== WORK REQUIRED ==
Output only how many lines below contain "roll".

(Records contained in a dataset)
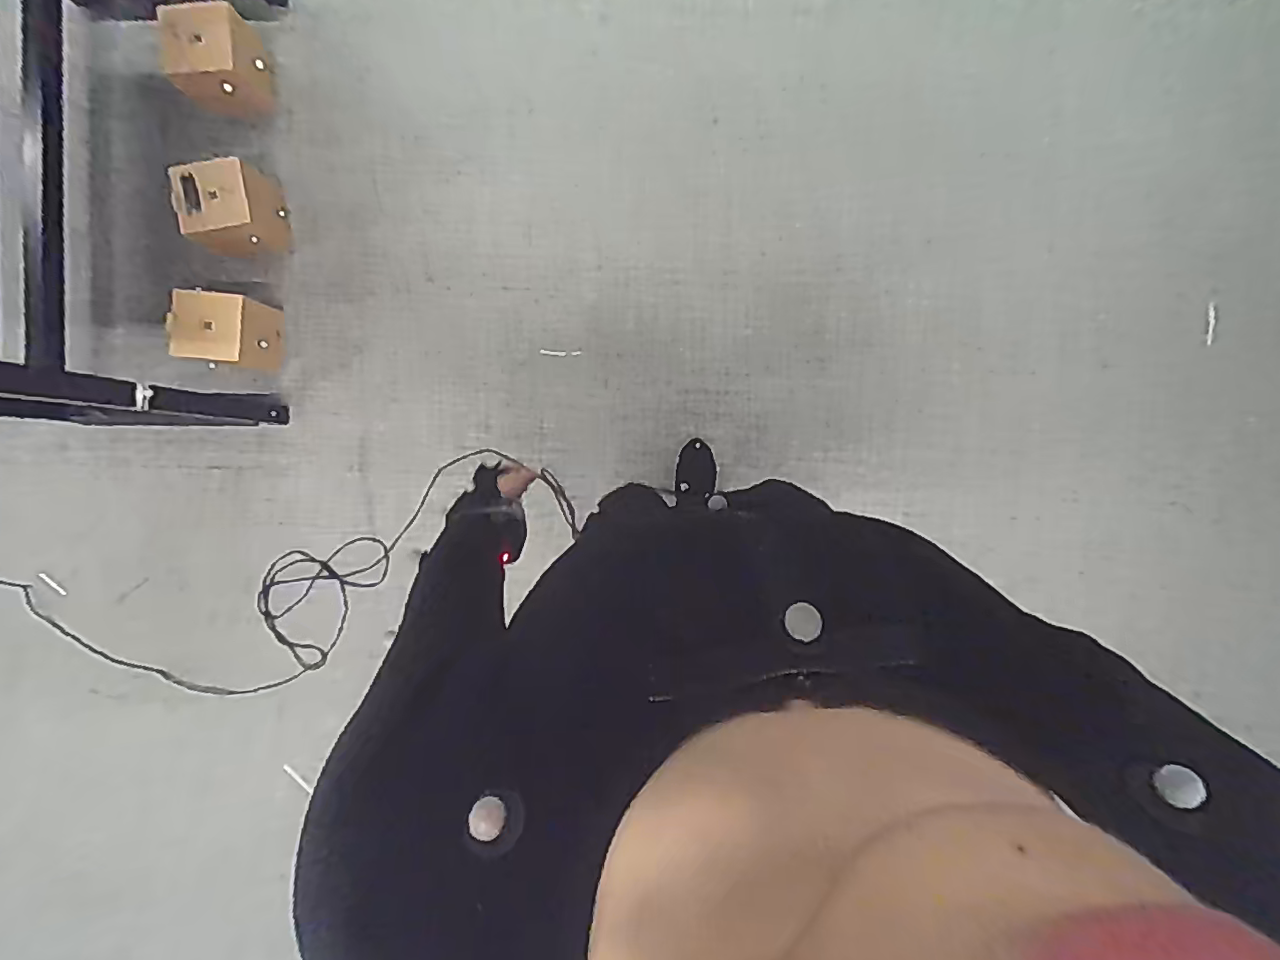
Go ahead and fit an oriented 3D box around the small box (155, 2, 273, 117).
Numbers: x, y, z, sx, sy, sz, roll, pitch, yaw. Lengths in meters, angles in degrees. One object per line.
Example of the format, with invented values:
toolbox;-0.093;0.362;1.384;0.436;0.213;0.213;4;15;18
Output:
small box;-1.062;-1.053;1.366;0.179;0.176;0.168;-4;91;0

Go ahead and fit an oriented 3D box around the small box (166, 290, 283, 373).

* * *

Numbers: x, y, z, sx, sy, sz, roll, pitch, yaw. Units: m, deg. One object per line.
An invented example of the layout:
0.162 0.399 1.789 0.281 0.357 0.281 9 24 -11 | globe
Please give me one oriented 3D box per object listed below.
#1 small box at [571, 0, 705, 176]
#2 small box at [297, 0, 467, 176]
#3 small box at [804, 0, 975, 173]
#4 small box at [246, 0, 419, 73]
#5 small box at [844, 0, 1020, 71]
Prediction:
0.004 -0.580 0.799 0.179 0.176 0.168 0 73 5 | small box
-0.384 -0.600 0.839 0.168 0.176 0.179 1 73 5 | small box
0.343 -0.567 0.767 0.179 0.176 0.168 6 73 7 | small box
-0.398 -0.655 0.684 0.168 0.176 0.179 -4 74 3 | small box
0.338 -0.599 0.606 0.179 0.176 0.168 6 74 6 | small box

--

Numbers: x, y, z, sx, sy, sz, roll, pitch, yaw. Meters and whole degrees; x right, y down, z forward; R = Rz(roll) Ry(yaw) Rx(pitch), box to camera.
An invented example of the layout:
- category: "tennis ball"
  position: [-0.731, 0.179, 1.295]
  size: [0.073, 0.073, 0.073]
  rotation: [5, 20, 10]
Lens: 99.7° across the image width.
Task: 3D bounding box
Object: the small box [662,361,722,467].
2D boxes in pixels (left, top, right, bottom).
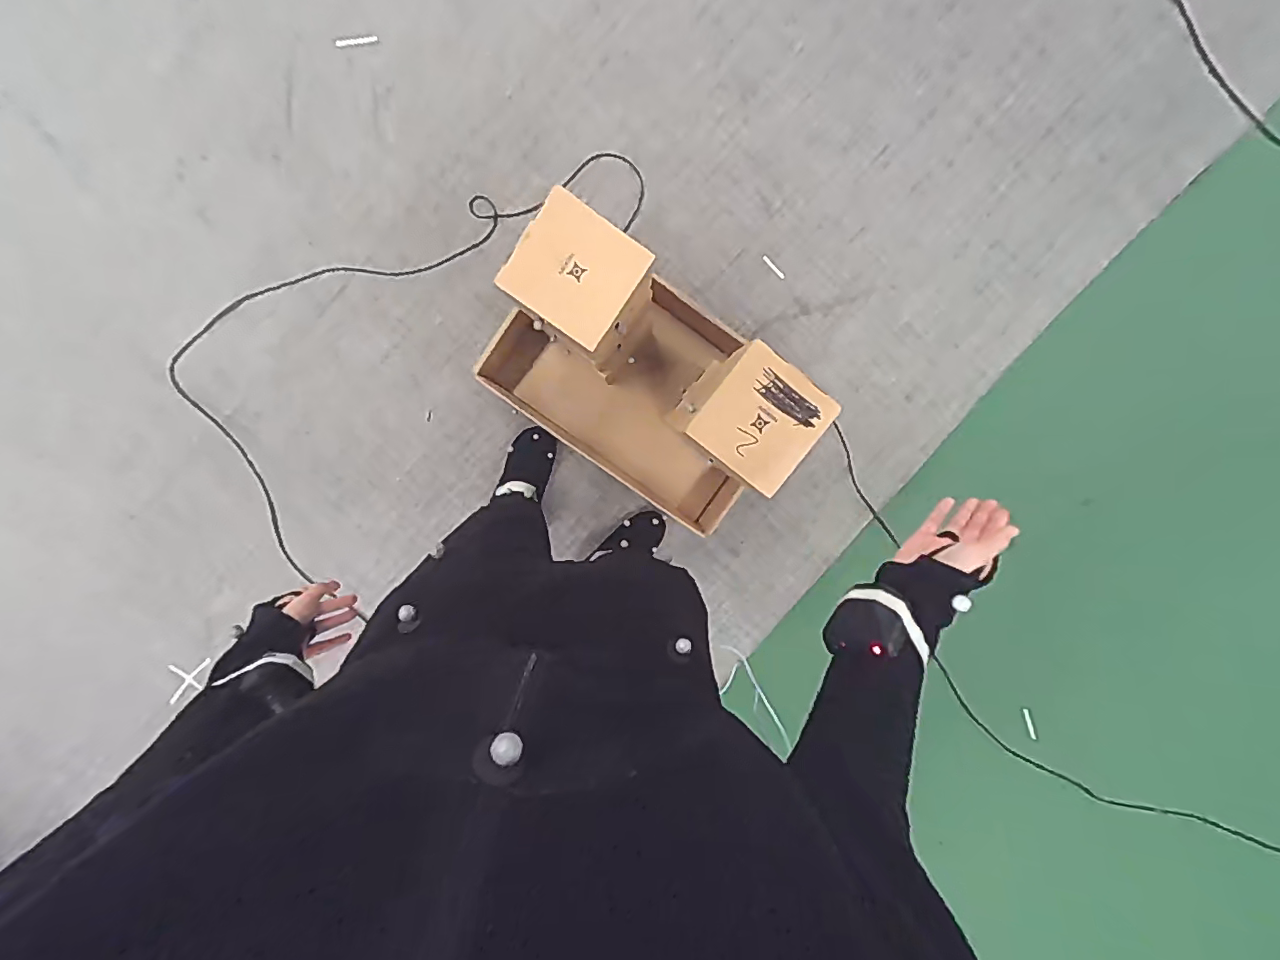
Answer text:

== ANSWER TO THIS PROBLEM ==
3